DEFINITION of Tweezer
A tweezer is a pattern found in the technical analysis of options trading. Tweezer patterns occur when two or more candlesticks touch the same bottom for a tweezer bottom pattern or top for a tweezer top pattern. This type of pattern can be made with candlestick charts of various types.
BREAKING DOWN Tweezer
Tweezer bottoms are considered to be short-term bullish reversal patterns. Tops are bearish, and either end means that buyers or sellers were not able to push the top or bottom any further. Both types of patterns require close observation and research in order to be interpreted and used correctly.
As an investment strategy, tweezers offer traders a level of precision when seeking to take advantage of market trends. While tweezers can take on a variety of appearances, they all have a couple of traits in common: Sometimes appearing at market-turning points, these candlestick patterns can be used for analysis purposes — to simply indicate the possibility of a reversal — or they can be used within a broader context of market analysis to provide trade signals for trend traders.
Tweezers were made mainstream in Steve Nison's popular candlestick charting book Japanese Candlestick Charting Techniques. Candlestick methods are characterized by the body of a candle which is created by the difference between the open and close, while the thin "shadows" on either end of the candle mark the high and low over that period. A dark or red candle indicates the close was below the open, while a white or green candle highlights the price closing higher than it opened.

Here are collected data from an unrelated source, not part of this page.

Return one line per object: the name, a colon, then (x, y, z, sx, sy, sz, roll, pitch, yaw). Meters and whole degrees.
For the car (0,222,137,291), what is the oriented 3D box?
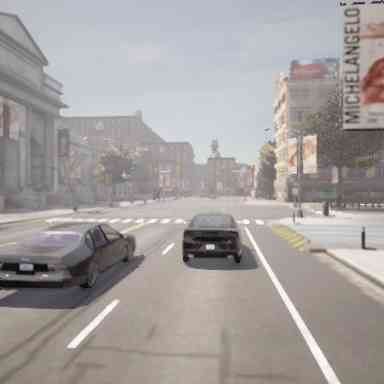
car: (-3.048, 1.545, 9.141, 2.033, 1.411, 5.357, 0, 0, 6)

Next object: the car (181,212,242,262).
car: (0.792, 1.474, 12.184, 1.882, 1.535, 5.008, 0, 0, 6)
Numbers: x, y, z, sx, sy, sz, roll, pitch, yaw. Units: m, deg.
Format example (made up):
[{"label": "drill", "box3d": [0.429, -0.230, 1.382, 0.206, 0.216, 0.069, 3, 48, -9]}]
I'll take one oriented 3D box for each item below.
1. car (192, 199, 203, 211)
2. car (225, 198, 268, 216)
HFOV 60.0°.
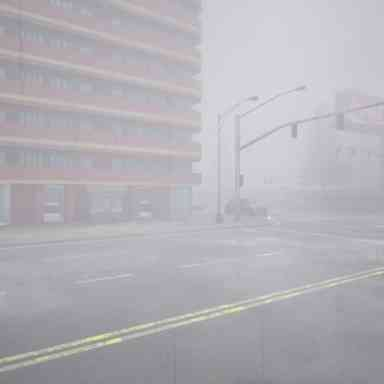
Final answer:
[{"label": "car", "box3d": [-0.583, 1.526, 41.140, 1.812, 1.442, 4.674, 0, 0, -34]}, {"label": "car", "box3d": [5.272, 1.352, 32.413, 2.097, 1.767, 4.553, 0, 0, -34]}]
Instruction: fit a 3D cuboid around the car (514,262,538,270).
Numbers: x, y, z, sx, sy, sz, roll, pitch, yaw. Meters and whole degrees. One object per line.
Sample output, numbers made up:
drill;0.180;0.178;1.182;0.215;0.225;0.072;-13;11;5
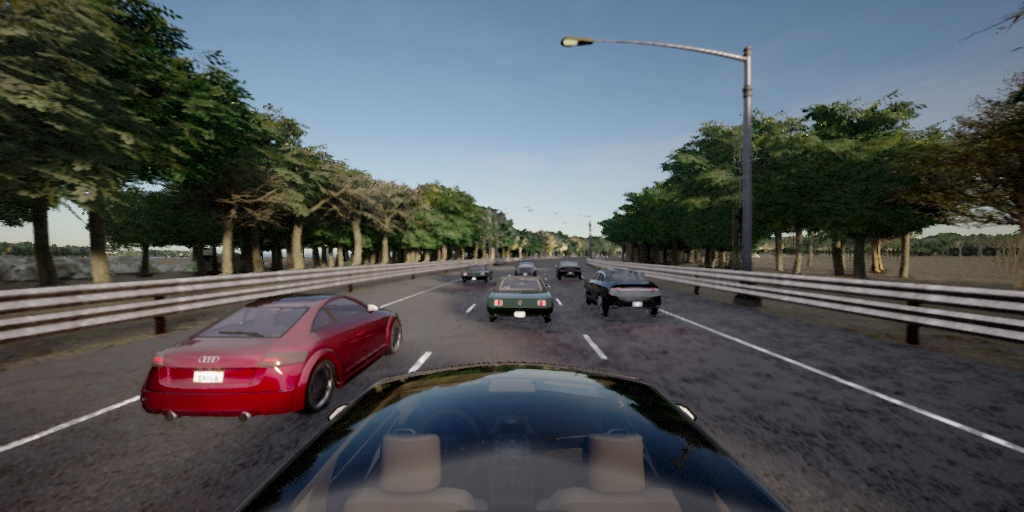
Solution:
car;1.173;1.219;29.849;1.812;1.442;4.674;0;0;4

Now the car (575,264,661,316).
car;3.830;1.223;13.157;2.128;1.511;4.902;0;0;2

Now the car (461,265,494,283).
car;-2.509;1.296;27.245;1.895;1.301;4.718;0;0;4

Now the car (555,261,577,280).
car;4.739;1.174;30.439;1.882;1.535;5.008;0;0;4

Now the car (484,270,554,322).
car;0.288;1.330;12.182;1.895;1.301;4.718;0;0;2

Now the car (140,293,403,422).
car;-3.329;1.302;5.969;1.994;1.385;4.181;0;0;1
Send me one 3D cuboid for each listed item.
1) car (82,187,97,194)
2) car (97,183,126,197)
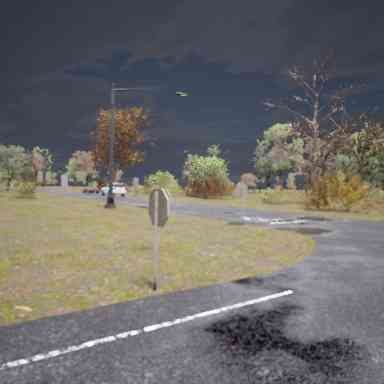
[{"bbox_3d":[-18.146,-0.295,59.534,1.895,1.301,4.718,1,1,-36],"label":"car"},{"bbox_3d":[-12.065,-0.338,51.053,2.150,2.045,5.566,1,1,-36],"label":"car"}]
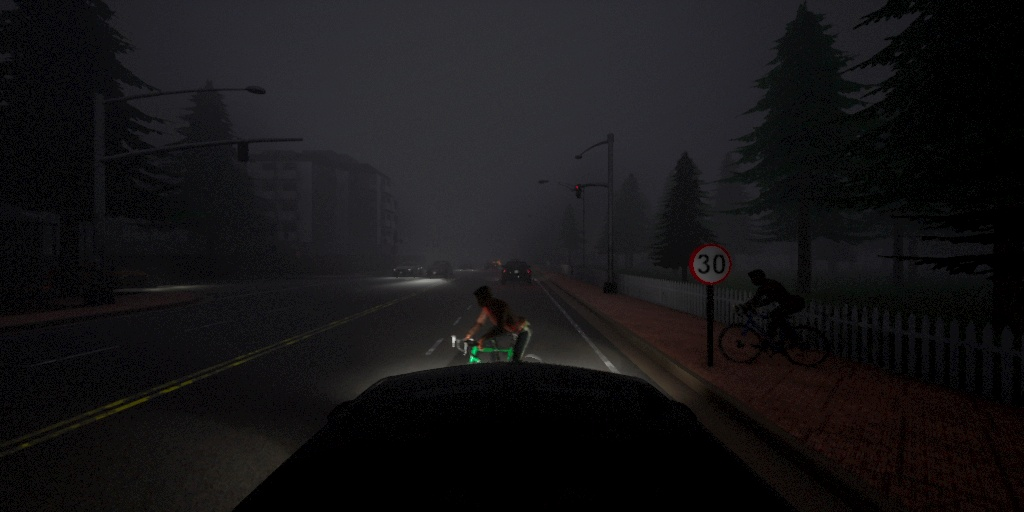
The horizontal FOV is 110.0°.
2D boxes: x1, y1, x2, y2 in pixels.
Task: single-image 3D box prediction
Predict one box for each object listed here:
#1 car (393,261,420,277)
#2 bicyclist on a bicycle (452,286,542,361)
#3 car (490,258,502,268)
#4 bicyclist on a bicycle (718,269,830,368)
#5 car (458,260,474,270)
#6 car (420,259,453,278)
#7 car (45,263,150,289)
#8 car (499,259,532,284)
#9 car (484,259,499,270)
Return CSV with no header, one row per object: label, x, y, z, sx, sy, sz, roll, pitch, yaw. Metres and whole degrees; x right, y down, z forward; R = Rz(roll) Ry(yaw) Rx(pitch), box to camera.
car,-10.282,1.270,35.627,1.812,1.442,4.674,0,0,1
bicyclist on a bicycle,-0.215,1.199,4.573,1.656,1.620,0.582,-1,0,-33
car,-2.814,1.218,64.131,1.882,1.535,5.008,0,0,1
bicyclist on a bicycle,4.390,1.053,6.094,1.656,1.620,0.582,-1,-6,14
car,-6.608,1.267,52.358,1.812,1.442,4.674,0,0,1
car,-6.798,1.235,34.073,2.128,1.511,4.902,0,0,1
car,-25.364,1.186,22.063,5.008,1.535,1.882,0,0,0
car,0.326,1.098,26.563,2.097,1.767,4.553,0,0,1
car,-2.929,1.343,52.055,1.895,1.301,4.718,0,0,1
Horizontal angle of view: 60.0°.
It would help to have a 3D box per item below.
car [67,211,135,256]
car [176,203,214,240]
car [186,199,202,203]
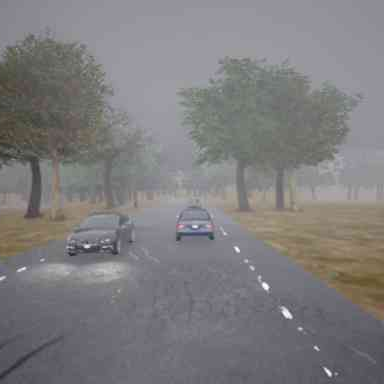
[{"bbox_3d":[-3.569,1.611,13.765,1.837,1.490,4.892,-1,0,0],"label":"car"},{"bbox_3d":[0.145,1.553,17.264,2.033,1.411,5.357,-1,1,0],"label":"car"},{"bbox_3d":[0.254,1.551,42.002,2.033,1.411,5.357,0,0,0],"label":"car"}]
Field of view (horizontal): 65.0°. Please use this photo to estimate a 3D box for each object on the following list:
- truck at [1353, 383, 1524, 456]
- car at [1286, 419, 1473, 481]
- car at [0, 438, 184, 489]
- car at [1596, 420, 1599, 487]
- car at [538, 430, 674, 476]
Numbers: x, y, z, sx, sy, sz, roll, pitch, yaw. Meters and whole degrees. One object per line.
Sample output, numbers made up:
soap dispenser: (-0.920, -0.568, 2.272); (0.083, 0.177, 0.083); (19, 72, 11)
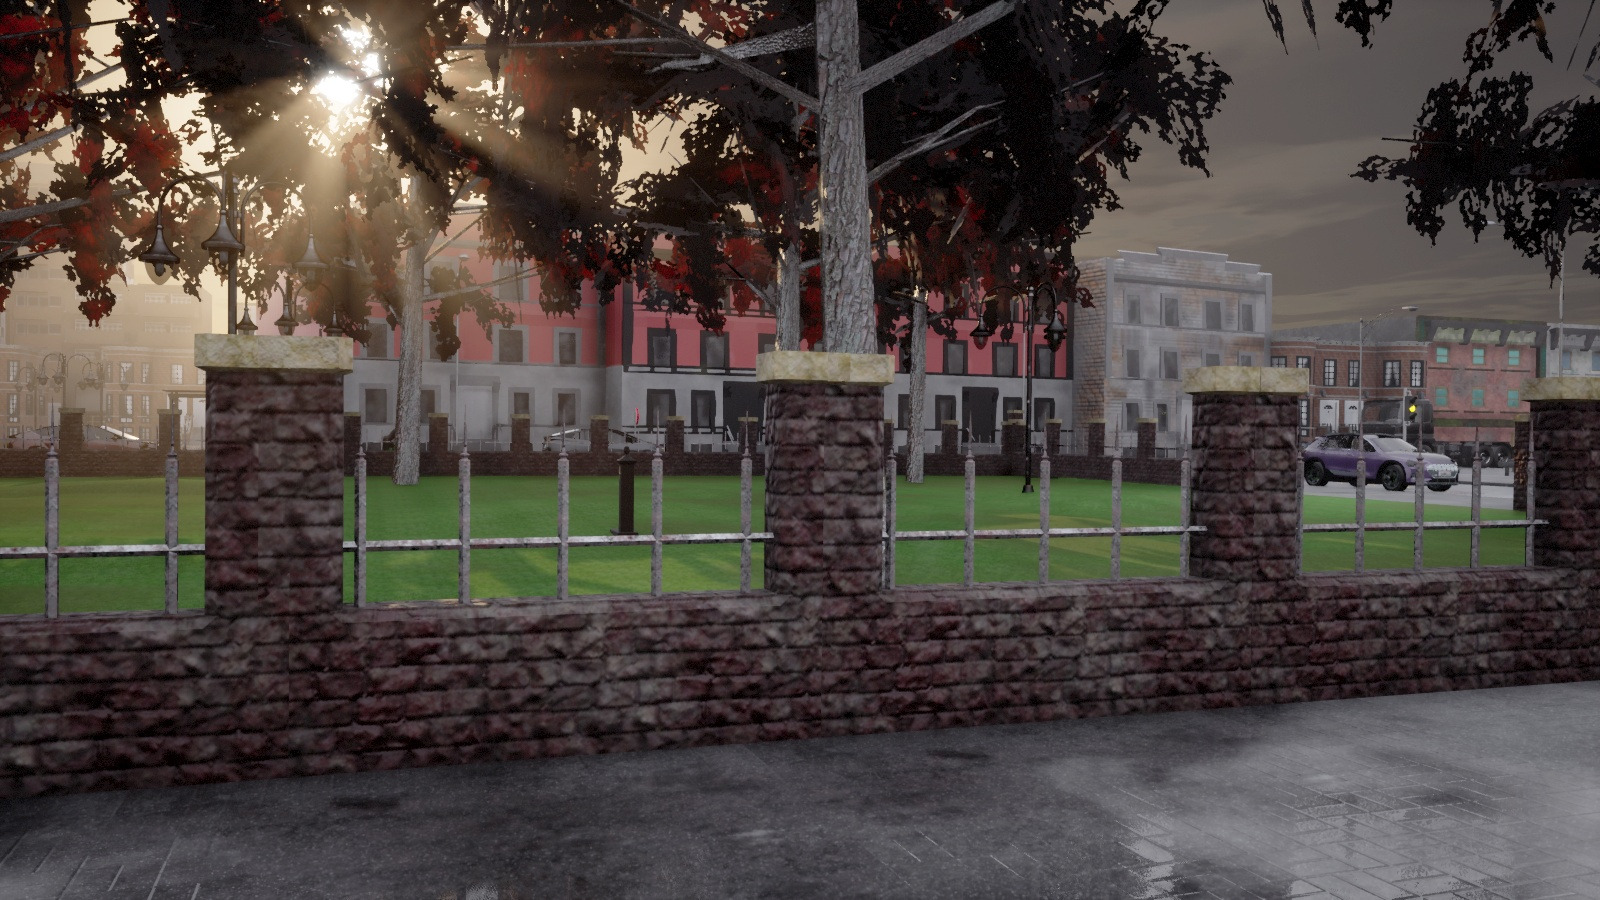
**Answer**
truck: (31.763, -1.543, 62.450); (7.936, 3.462, 2.891); (-1, 1, -19)
car: (16.602, -0.041, 36.265); (2.033, 1.649, 4.856); (-1, 1, -21)
car: (-22.266, 0.393, 39.680); (4.792, 1.488, 2.163); (-1, 1, -19)
car: (19.865, 0.094, 26.833); (2.007, 1.525, 4.514); (-1, 1, -21)
car: (-6.960, 0.089, 44.948); (4.514, 1.525, 2.007); (-1, 1, -18)
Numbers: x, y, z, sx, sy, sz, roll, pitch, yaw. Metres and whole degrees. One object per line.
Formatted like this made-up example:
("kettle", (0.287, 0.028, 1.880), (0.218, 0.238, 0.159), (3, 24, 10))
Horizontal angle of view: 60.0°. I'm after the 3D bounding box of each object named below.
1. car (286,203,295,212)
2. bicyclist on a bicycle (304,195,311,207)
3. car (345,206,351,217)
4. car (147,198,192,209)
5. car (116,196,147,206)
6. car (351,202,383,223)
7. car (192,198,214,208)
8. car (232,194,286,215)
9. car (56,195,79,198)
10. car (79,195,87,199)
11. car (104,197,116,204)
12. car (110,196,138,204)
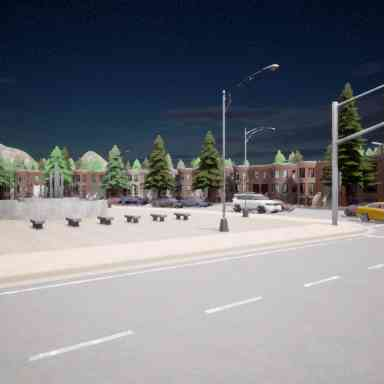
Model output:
("car", (9.232, 1.526, 37.249), (1.812, 1.442, 4.674), (0, 0, -38))
("bicyclist on a bicycle", (16.174, 1.303, 46.611), (1.656, 1.620, 0.582), (0, 0, -37))
("car", (15.545, 1.564, 28.795), (1.994, 1.385, 4.181), (0, 0, -36))
("car", (-3.097, 1.548, 45.410), (5.357, 1.411, 2.033), (0, 0, 37))
("car", (-9.308, 1.601, 53.228), (4.718, 1.301, 1.895), (0, 0, 25))
("car", (13.922, 1.477, 23.218), (1.882, 1.535, 5.008), (1, 0, -16))
("car", (0.427, 1.548, 47.016), (5.357, 1.411, 2.033), (0, 0, 39))
("car", (6.637, 1.220, 34.985), (2.150, 2.045, 5.566), (0, 0, -38))
("car", (-23.818, 1.505, 60.694), (4.892, 1.490, 1.837), (0, 0, 5))
("car", (-22.556, 1.352, 63.988), (4.553, 1.767, 2.097), (0, 0, 7))
("car", (-14.081, 1.564, 58.826), (4.181, 1.385, 1.994), (0, 0, 18))
("car", (-12.736, 1.505, 62.058), (4.892, 1.490, 1.837), (0, 0, 18))
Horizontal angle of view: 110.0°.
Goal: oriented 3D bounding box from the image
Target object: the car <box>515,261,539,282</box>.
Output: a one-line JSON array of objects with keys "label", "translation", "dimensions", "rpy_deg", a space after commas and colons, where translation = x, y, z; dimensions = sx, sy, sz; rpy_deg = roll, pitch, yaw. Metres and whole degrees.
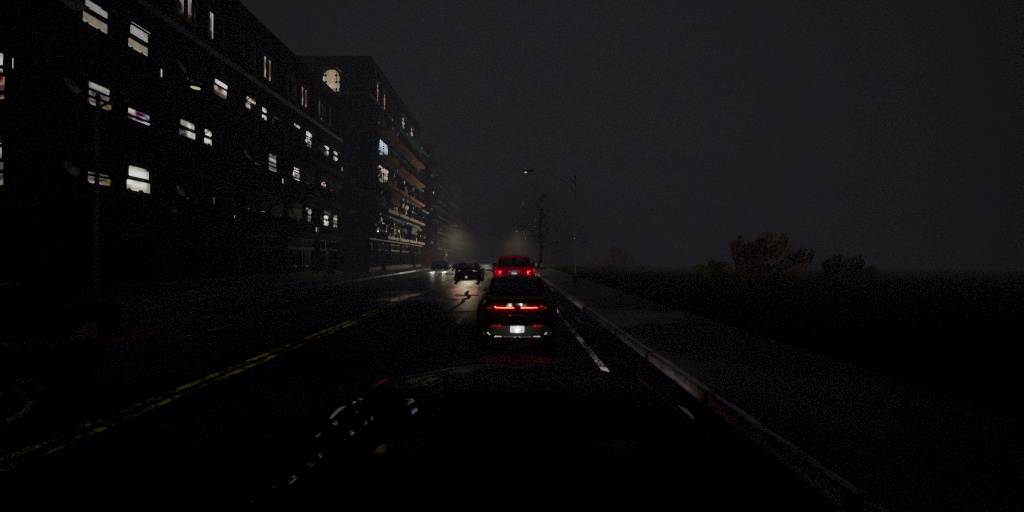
[{"label": "car", "translation": [1.161, 1.209, 30.525], "dimensions": [1.801, 1.575, 5.366], "rpy_deg": [0, 0, 0]}]

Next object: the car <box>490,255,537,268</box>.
[{"label": "car", "translation": [0.114, 0.974, 20.118], "dimensions": [2.150, 2.045, 5.566], "rpy_deg": [0, 0, 0]}]

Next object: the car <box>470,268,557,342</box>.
[{"label": "car", "translation": [0.108, 1.256, 9.771], "dimensions": [1.837, 1.490, 4.892], "rpy_deg": [0, 0, 0]}]

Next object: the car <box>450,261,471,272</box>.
[{"label": "car", "translation": [-6.564, 1.317, 46.129], "dimensions": [1.994, 1.385, 4.181], "rpy_deg": [0, 0, 0]}]

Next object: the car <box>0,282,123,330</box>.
[{"label": "car", "translation": [-9.846, 1.255, 6.121], "dimensions": [1.837, 1.490, 4.892], "rpy_deg": [0, 0, 0]}]

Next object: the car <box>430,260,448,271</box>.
[{"label": "car", "translation": [-9.810, 1.278, 49.209], "dimensions": [1.812, 1.442, 4.674], "rpy_deg": [0, 0, 0]}]

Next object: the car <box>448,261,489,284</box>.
[{"label": "car", "translation": [-3.130, 1.244, 27.043], "dimensions": [2.128, 1.511, 4.902], "rpy_deg": [0, 0, 0]}]

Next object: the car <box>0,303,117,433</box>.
[{"label": "car", "translation": [-6.598, 1.351, 2.733], "dimensions": [1.895, 1.301, 4.718], "rpy_deg": [0, 0, 0]}]
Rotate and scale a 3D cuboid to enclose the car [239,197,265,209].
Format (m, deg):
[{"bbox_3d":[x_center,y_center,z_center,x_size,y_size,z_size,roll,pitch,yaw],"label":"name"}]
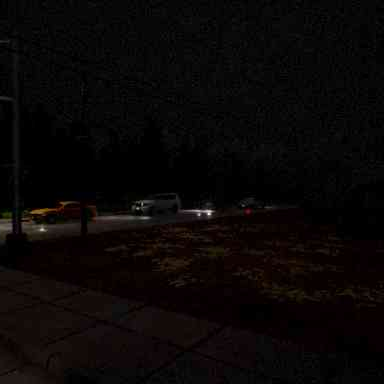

A bearish tweezer top occurs during an uptrend when bulls push prices higher, often ending the day near the highs (generally considered a strong bullish signal). Then, on the following (second) day, traders reverse their market sentiment. Often, the market opens and heads straight south, often eliminating most of Day 1's gains. On the flip side, a bullish tweezer bottom is realized during a downtrend when bears continue to drive prices lower, usually closing the day near lows (usually a strong bearish trend). Again, Day 2 is a reversal, as prices open and head sharply higher. A bullish advance on Day 2 can quickly eliminate losses from the previous trading day.